[DATA FOR REVIEW — start]

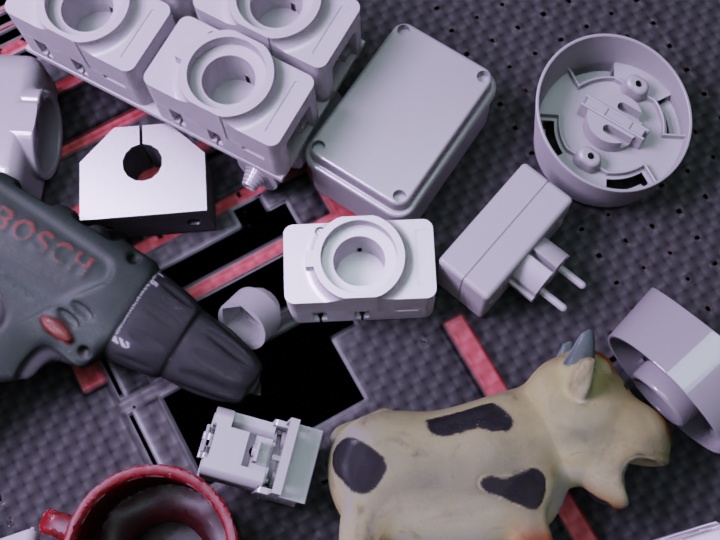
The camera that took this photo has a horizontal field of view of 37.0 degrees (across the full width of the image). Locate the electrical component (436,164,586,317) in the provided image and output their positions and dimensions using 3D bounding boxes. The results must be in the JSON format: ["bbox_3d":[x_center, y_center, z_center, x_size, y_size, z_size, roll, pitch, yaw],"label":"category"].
[{"bbox_3d":[0.102,-0.006,0.658,0.076,0.047,0.083,39,78,12],"label":"electrical component"}]

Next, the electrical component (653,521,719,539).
[{"bbox_3d":[0.178,0.181,0.527,0.060,0.186,0.105,-16,74,-3],"label":"electrical component"}]

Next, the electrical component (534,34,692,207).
[{"bbox_3d":[0.156,-0.091,0.673,0.099,0.064,0.099,0,73,1],"label":"electrical component"}]

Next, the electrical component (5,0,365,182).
[{"bbox_3d":[-0.104,-0.148,0.648,0.186,0.060,0.105,27,76,9],"label":"electrical component"}]

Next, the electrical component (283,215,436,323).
[{"bbox_3d":[0.000,0.000,0.654,0.089,0.055,0.050,-2,73,1],"label":"electrical component"}]

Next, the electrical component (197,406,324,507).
[{"bbox_3d":[-0.059,0.105,0.609,0.064,0.081,0.042,16,73,-7],"label":"electrical component"}]

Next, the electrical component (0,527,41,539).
[{"bbox_3d":[-0.215,0.195,0.587,0.096,0.061,0.061,-18,109,-4],"label":"electrical component"}]

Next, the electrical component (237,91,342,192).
[{"bbox_3d":[-0.050,-0.085,0.688,0.043,0.043,0.081,29,76,10],"label":"electrical component"}]

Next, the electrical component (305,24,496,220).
[{"bbox_3d":[0.026,-0.088,0.679,0.078,0.057,0.113,32,77,11],"label":"electrical component"}]

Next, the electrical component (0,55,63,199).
[{"bbox_3d":[-0.228,-0.087,0.688,0.059,0.053,0.095,3,74,3],"label":"electrical component"}]

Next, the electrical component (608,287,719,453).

[DATA FOR REVIEW — finish]

An exact copy is needed of the closing lines of the entries above, counting from the one that contains "Next, the electrical component (0,55,63,199)." and including it and the last.

■ ANSWER SECTION ■
Next, the electrical component (0,55,63,199).
[{"bbox_3d":[-0.228,-0.087,0.688,0.059,0.053,0.095,3,74,3],"label":"electrical component"}]

Next, the electrical component (608,287,719,453).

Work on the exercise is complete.